Symphony No. 77 in B♭ major, Hoboken I/77, is a symphony by Joseph Haydn completed in 1782.

==Early set of symphonies for London==

In 1782, almost a decade before Haydn composed the first of his famous London symphonies, he composed a trio of symphonies - 76, 77 and 78 - for a trip to London which fell through. Haydn wrote the following to his Paris music publisher Boyer on 15 July 1783:

Last year I composed 3 beautiful, magnificent and by no means over-lengthy Symphonies, scored for 2 violins, viola, basso, 2 horns, 2 oboes, 1 flute and 1 bassoon - but they are all very easy, and without too much concertante - for the English gentlemen, and I intended to bring them over myself and produce them there: but a certain circumstance hindered that plan, and so I am willing to hand over these 3 Symphonies.

Boyer wanted exclusive rights, but Haydn refused.
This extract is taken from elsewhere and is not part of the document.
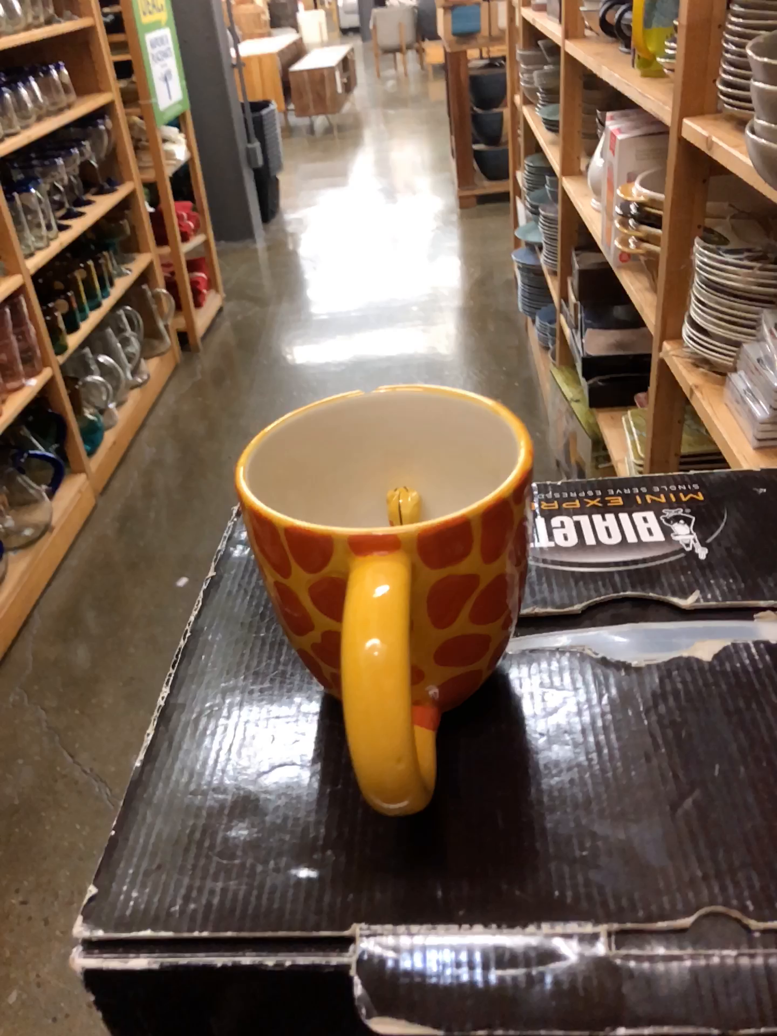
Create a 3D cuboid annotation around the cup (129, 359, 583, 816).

It is not known how much Haydn knew of the tastes of English audiences, but the three symphonies do possess a polish and style typical of London composers such as Johann Christian Bach and Carl Friedrich Abel. As noted in the letter, the winds have very few measures where they do not support the strings, they are used primarily to add colour.

==Music==
The symphony is scored for flute, two oboes, two bassoons, two horns and strings.